» **THE RECORDS**:
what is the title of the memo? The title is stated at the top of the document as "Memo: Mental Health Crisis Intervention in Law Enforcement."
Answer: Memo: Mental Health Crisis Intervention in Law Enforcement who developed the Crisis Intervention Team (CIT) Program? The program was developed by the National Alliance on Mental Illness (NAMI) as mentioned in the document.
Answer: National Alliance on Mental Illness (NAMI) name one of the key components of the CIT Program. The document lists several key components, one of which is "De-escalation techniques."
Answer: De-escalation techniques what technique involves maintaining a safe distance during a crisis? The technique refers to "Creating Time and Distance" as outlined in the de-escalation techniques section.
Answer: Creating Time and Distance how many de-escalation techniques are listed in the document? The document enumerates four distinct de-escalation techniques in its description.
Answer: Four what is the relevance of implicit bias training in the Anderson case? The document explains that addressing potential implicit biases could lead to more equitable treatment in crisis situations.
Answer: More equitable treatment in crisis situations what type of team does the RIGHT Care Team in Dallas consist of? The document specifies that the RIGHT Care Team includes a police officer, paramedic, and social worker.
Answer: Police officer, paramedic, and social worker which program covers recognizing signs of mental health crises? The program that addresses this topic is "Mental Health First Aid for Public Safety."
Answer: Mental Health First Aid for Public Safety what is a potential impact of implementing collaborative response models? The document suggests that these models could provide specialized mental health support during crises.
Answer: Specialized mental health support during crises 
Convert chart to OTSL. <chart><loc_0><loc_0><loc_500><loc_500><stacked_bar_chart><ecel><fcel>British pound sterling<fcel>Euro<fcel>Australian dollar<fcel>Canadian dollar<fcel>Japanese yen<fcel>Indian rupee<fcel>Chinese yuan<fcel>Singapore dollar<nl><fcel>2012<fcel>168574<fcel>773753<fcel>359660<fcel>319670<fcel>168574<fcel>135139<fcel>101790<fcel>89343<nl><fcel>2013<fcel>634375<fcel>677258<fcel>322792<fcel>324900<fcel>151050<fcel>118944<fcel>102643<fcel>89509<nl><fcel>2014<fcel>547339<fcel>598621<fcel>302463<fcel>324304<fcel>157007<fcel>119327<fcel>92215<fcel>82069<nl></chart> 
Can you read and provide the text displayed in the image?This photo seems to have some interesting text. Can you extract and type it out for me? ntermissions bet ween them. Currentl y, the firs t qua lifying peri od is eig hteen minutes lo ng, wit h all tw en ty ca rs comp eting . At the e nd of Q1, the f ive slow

» **WORK ORDER**: Output the lines of the records above exactly as they appear, from the line containing "Answer: Memo: Mental" through the line containing "Answer: National Alliance".

» **RESULT OF THIS EXERCISE**:
Answer: Memo: Mental Health Crisis Intervention in Law Enforcement who developed the Crisis Intervention Team (CIT) Program? The program was developed by the National Alliance on Mental Illness (NAMI) as mentioned in the document.
Answer: National Alliance on Mental Illness (NAMI) name one of the key components of the CIT Program. The document lists several key components, one of which is "De-escalation techniques."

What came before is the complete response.